S F. Supply, 527 P.2d at 221 (footnote omitted) (emphasis added). It would be illogical for the court to require a plaintiff to prove she reasonably relied on the defendant's misrepresentations without also requiring that she actually relied on such misrepresentations. Thus, I depart from the majority's conclusion that S F. Supply does not import a reliance requirement under the Utah Act. Accordingly, to bring a cause of action under the Utah Act, a plaintiff must establish that (1) she actually relied on the alleged misrepresentations, and (2) the misrepresentations were of the kind upon which a person "of ordinary intelligence and prudence" would rely in deciding to buy or sell securities. Accord Geisenberger v. John Hancock Distribs., Inc., 774 F. Supp. 1045, 1050-51 (S.D.Miss. 1991); Foster v. Alex, 213 Ill. App.3d 1001, 157 Ill.Dec. 778, 572 N.E.2d 1242, 1245 (1991).

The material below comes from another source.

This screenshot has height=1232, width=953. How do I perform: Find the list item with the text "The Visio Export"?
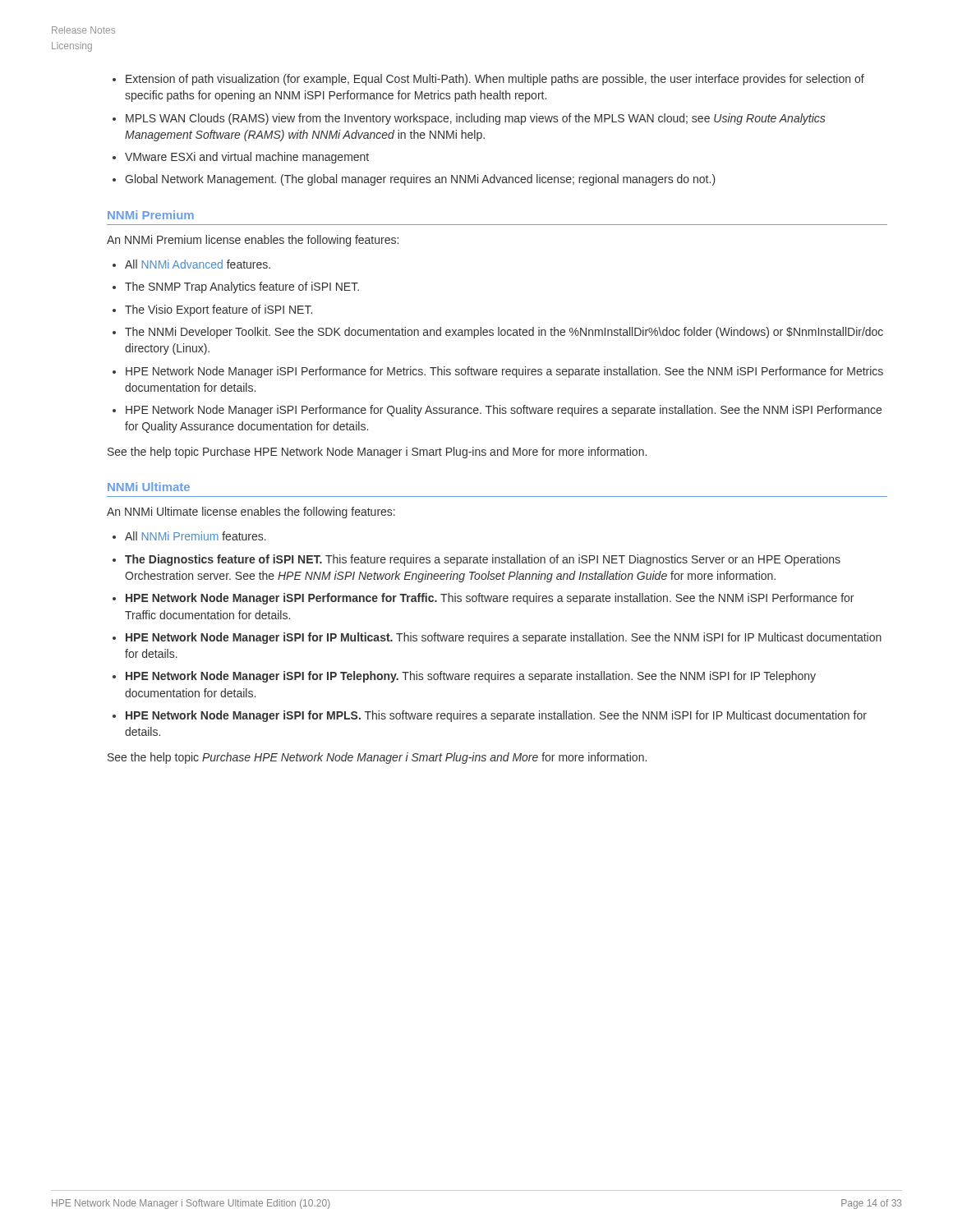click(219, 309)

Finally, although the majority opinion implicitly acknowledges the need for a causal connection between the plaintiff's injury and the defendant's misrepresentations, it mistakenly concludes that the privity requirement under section 61-1-22(1)(a) satisfies the need for a causal connection. However, this argument ignores the fact that a plaintiff may also bring a cause of action against a defendant with whom there was no privity. Section 61-1-22(4)(a) provides:
Every person who directly or indirectly controls a seller or buyer liable under Subsection (1), every partner, officer, or director of such a seller or buyer, every person occupying a similar status or performing similar functions, every employee of such a seller or buyer who materially aids in the sale or purchase, and every broker-dealer or agent who materially aids in the sale are also liable jointly and severally with and to the same extent as the seller or purchaser, unless the nonseller or nonpurchaser who is so liable sustains the burden of proof that he did not know, and in exercise of reasonable care could not have known, of the existence of the facts by reason of which the liability is alleged to exist.
(Emphasis added.) Thus, the privity requirement of section 61-1-22(1)(a) alone does not satisfy the need for a causal connection between the plaintiff's injury and the defendant's misrepresentations.
Not only is the need for a causal connection satisfied by the reliance requirement, but additionally, the Utah Act explicitly requires that the alleged misrepresentations be made "in connection with" the offer, sale or purchase of a security. Utah Code Ann. § 61-1-1. As acknowledged by the Utah Court of Appeals, federal courts have broadly interpreted the "in connection with" requirement, "determining that it encompasses any sale of a security where fraud 'touches' the transaction." State v. Harry, 873 P.2d 1149, 1156 (Utah Ct.App. 1994). Thus, an essential element of a cause of action under the Utah Act is that a plaintiff establish that the alleged misrepresentations "touched" or were involved in the offer, sale, or purchase of a security.
On the basis of the plain language of sections 61-1-1 and 61-1-22 and Utah case law interpreting these statutes, one can conclude only that a plaintiff who brings a cause of action under the Utah Act must establish (1) that the alleged misrepresentations were made in connection with the offer, sale, or purchase of securities, and (2) that she actually and reasonably relied on such misrepresentations.
HOWE, J., concurs in Justice RUSSON's dissenting opinion.
Having disqualified themselves, STEWART, Associate C.J., and DURHAM, J., do not participate herein; GLENN K. IWASAKI and TYRONE MEDLEY, District Judges, sat.